Nel 1920, Walter Lippmann disse che la crisi delle democrazia occidentale è una crisi del giornalismo. Il legame fra scelta ed elaborazione delle notizie – la narrazione del mondo – e il modo in cui lo stato democratico si pone è profondissimo: mentre in un regime autoritario l’informazione è affare di pochi, in democrazia è uno dei nervi portanti del sistema.

Il termine bolla filtro è dato dall’attivitàst di Internet chiamato Eli Pariser e rappresenta le ricerche personali dal sito Web che indovina circa le informazioni della parola chiave dell’utente. Si controlla il post proprio qui per conoscere i link per ottenere la cronologia di navigazione e la cronologia di ricerca degli utenti che hanno utilizzato nel corso del tempo.

Dalle rivoluzionarie tesi di Lippmann – in netta controtendenza con lo stile di giornalismo precedente, molto più personale e “interpretativo” – giunge l’idea che l’obbligo dei giornalisti sia quello di contribuire alla creazione di un racconto oggettivo dei fatti, in modo che ogni cittadino potessere accedere alla medesima realtà condivisa, senza filtri di opinioni. Per tutto il resto del Novecento questo ideale etico è stato fondamentale, e inseguito con maggiore o minore successo.

Ma con l’avvento del web?

Il recente e imperdibile libro di Eli Pariser, The Filter Bubble, parte da qui. Dal complesso rapporto fra fatti e opinioni, e soprattutto dall’idea che internet stia portando avanti un enorme processo di disintermediazione: la selezione degli avvenimenti e il loro racconto è sempre meno in mano a professionisti del settore, e sempre più in mano alle macchine.

Ma dal punto di vista strettmente cronologico, l’indagine di Pariser parte da un post del blog ufficiale di Google, datato 4 dicembre 2009: Personalized search for everyone.

Sfuggito ai più, e soprattutto agli utenti comuni, si tratta invece di un annuncio epocale per molti versi. A giudizio di Parisier, è con questo post che si inaugura definitivamente la filter bubble, e cioè la “bolla informativa” in cui ognuno di noi tende a essere racchiuso. Se la ricerca è continuamente personalizzata, se il filtro delle informazioni è sempre più robusto e ritagliato su misura delle nostre convinzioni, allora l’idea stessa di una narrazione (tendenzialmente) condivisa svanisce. Con tutte le ricadute anche a livello civico e democratico.
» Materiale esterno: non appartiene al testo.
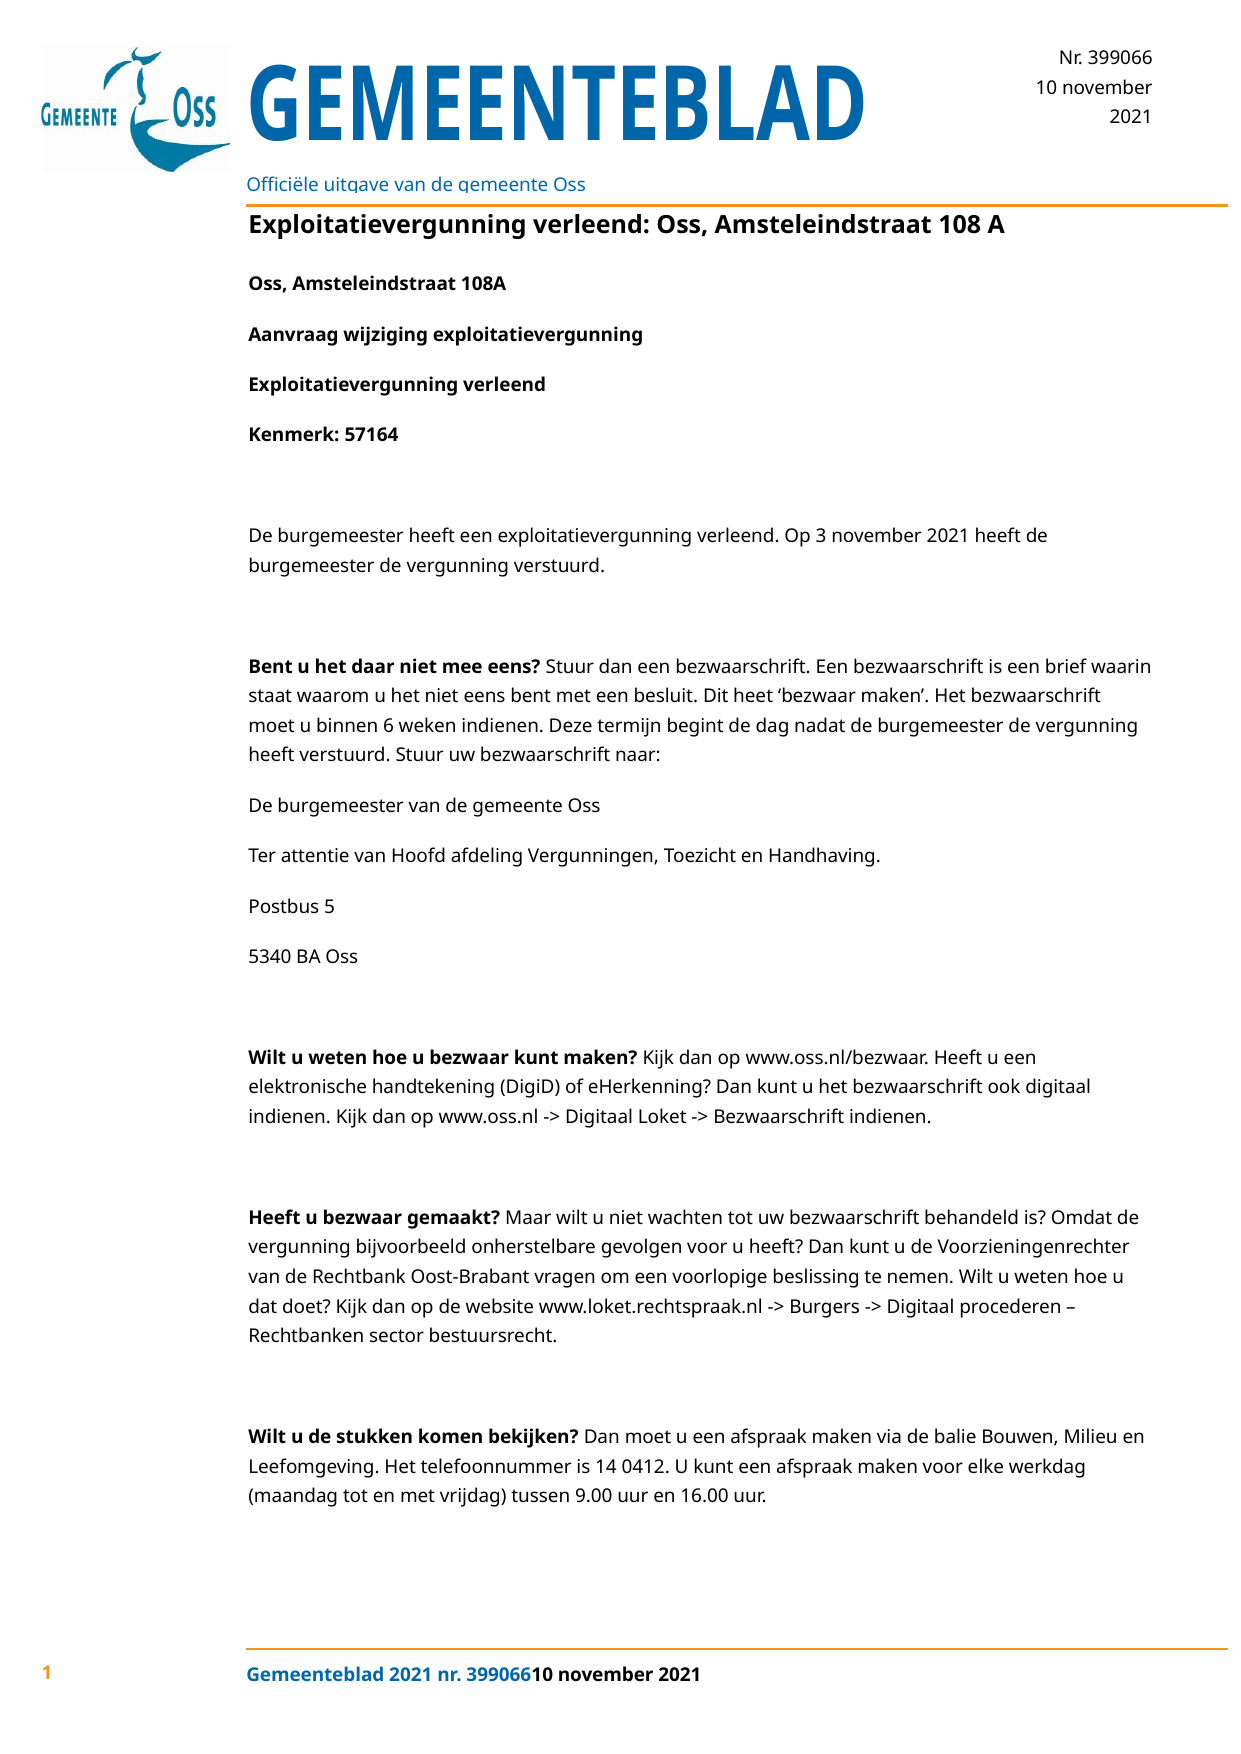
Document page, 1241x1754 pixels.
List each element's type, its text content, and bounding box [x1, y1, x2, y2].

Pariser sintetizza così le tre caratteristiche fondamentali della filter bubble:

  1. Sei solo nella bolla. Ogni alveo informativo è ricavato a partire dai gusti del singolo utente, e ricamato ad hoc sopra le proprie preferenze.
  2. La bolla è invisibile. Google non ha un chiaro agenda setting. La sua apparenza strettamente algoritmica, così pulita e “innocente” (fin dalla grafica) dà al lettore una totale impressione di neutralità. Inserisco un termine, ottengo un risultato: è tutto meccanico, e la meccanica funziona allo stesso modo per chiunque. Sbagliato. Ma tu non lo sai.
  3. Non scegli di entrare nella bolla. Se compri “Libero”, scegli di avere un certo tipo di informazione. Ma facendo ricerche su Google, i risultati saranno comunque personalizzati in certa misura – senza che nessuno te l’abbia detto.

Balcanizzazione del web? In un certo senso. Ma forse peggio ancora: balcanizzazione invisibile dell’informazione.

Intendiamoci – tutti noi creiamo continuamente delle bolle simili. Siamo portati per natura ad ascoltare le voci che più ci si confanno, leggere i quotidani relativi alla nostra visione del mondo, passare del tempo con le persone di cui condividiamo le idee e così via. In questo non c’è niente di sbagliato: dopotutto, nessuno è in grado di ascoltare ed elaborare qualsiasi opinione.

Ma se siamo persone sufficientemente aperte al nuovo – disposte alla serendipity, alla possibilità dell’incontro del diverso – queste bolle non si tramutano in prigioni. Ci sarà sempre spazio per accogliere il diverso ed evitare il confirmation bias – la tendenza di cercare soltanto quelle informazioni che confermano la nostra visione preconcetta del mondo.

Ma sulla rete Google comanda. Più dell’80% delle ricerche dipendono da big G, e big G – come abbiamo visto – fa della personalizzazione uno dei suoi cavalli di battaglia. Il dettaglio chiave della storia è che in questo sistema siamo costretti nella bolla senza nemmeno saperlo. E il mondo tende a diventare un’appendice dei nostri gusti.

Pensate solo a quanta gente si informa via Google News: decine di milioni di visitatori ogni mese (più del sito della BBC, per intenderci). E in Italia, una ricerca a cura dell’Università di Urbino mostra come sulla rete i portali di aggregazione abbiano già la meglio sui quotidiani.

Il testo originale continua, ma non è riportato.